With all eyes on the pending flood situation in Rockhampton and evacuations in northern New South Wales, those left in the the trail of destruction around St Lawrence, Lotus Creek and Clarke Creek thought they had been forgotten.

After receiving Facebook messages about the need for assistance, AgForce’s Sharon Howard and Collin and Krystal Beath began organising supplies and helicopters to access the areas.

AgForce Central Regional Manager Sharon Howard said the damage was heartbreaking.

“We went to Daecey (near St Lawrence) and there was a couple there and their 31-year-old son and they got hammered and spent the night on the kitchen table...the dogs drowned on the chain because they couldn’t get to them, the horses and cattle washed past them,” she said.

“When we arrived they were still shell shocked, they were completely lost.

“They didn’t know what day it was, what they had to do and where to start.
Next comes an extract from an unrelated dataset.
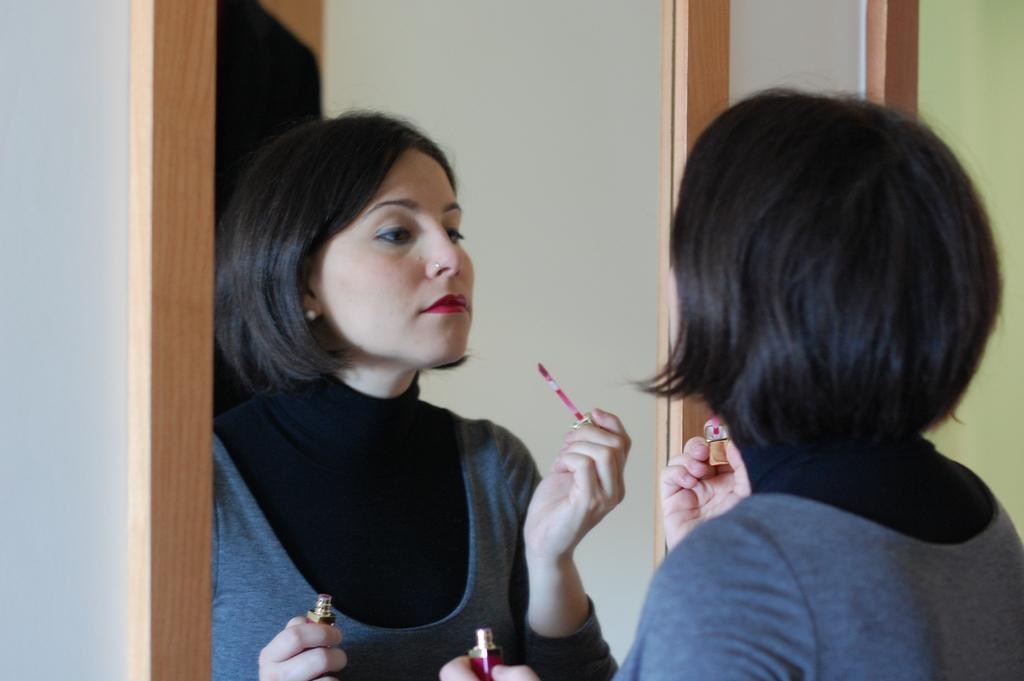What is the person holding in the image? The person is holding lipstick in the image. What object might be used for personal grooming in the image? There is a mirror in the image that can be used for personal grooming. Can you describe the reflection in the mirror? Another person is visible in the mirror. What is the background of the image? There is a wall in the image. What type of property is being sold in the image? There is no indication of any property being sold in the image. 
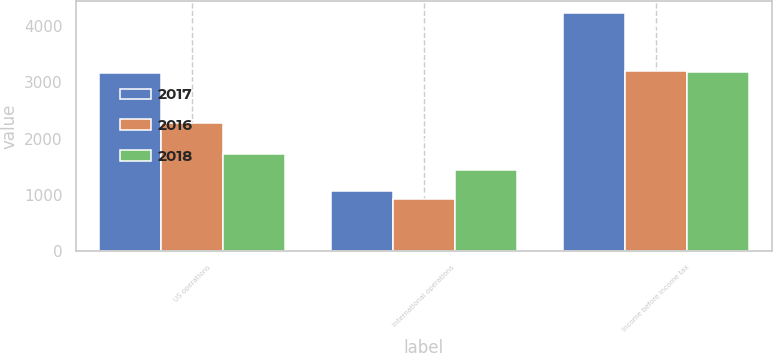<chart> <loc_0><loc_0><loc_500><loc_500><stacked_bar_chart><ecel><fcel>US operations<fcel>International operations<fcel>Income before income tax<nl><fcel>2017<fcel>3168<fcel>1064<fcel>4232<nl><fcel>2016<fcel>2283<fcel>924<fcel>3207<nl><fcel>2018<fcel>1733<fcel>1449<fcel>3182<nl></chart>

We did a lot of cuddling and crying.

Graham Clements, Leonie Stanley and Cody Clements were forced to spend the night on their kitchen table as flood waters entered their home.

Graham Clements, Leonie Stanley and Cody Clements were forced to spend the night on their kitchen table as flood waters entered their home.
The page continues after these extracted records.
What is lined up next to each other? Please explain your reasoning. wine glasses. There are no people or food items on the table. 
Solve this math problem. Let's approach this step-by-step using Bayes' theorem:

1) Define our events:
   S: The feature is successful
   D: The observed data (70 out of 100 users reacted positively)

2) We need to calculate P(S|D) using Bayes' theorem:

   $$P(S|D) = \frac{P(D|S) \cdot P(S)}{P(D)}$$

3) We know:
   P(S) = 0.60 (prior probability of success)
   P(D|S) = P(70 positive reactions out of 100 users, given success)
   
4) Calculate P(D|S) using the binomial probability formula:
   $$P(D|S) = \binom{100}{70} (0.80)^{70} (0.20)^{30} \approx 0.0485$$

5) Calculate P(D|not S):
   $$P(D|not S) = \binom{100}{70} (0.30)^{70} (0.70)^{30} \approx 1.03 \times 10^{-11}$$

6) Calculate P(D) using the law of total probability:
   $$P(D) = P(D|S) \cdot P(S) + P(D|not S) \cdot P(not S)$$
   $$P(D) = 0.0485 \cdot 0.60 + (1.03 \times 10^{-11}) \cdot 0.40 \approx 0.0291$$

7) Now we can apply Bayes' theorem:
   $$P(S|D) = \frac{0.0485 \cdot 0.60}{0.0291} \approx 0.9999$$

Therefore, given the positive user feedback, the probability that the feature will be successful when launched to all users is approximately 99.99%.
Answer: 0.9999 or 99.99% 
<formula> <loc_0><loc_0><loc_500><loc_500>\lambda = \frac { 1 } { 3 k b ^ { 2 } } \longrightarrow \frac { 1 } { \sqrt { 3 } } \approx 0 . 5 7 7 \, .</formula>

“It was more than the food, they were just going, ‘Oh my goodness, someone knows we are here’.”

Action Helicopters owner Cody Ford provided his helicopters for the fly overs and said it was the Australian thing to do.

Pilot Russell Pitt said a lot of people were just happy to see visitors.

“Some places were fine and you would fly along and drop in on some people and it wasn't hard to see they were doing fine,” he said.

“Even if they have lost stock at least their buildings didn't go under and they had a generator on.

“There were some people who were in the dumps a bit.

“In all honesty, we knew there was some trouble but unless you are from the area and going there you wouldn't know.”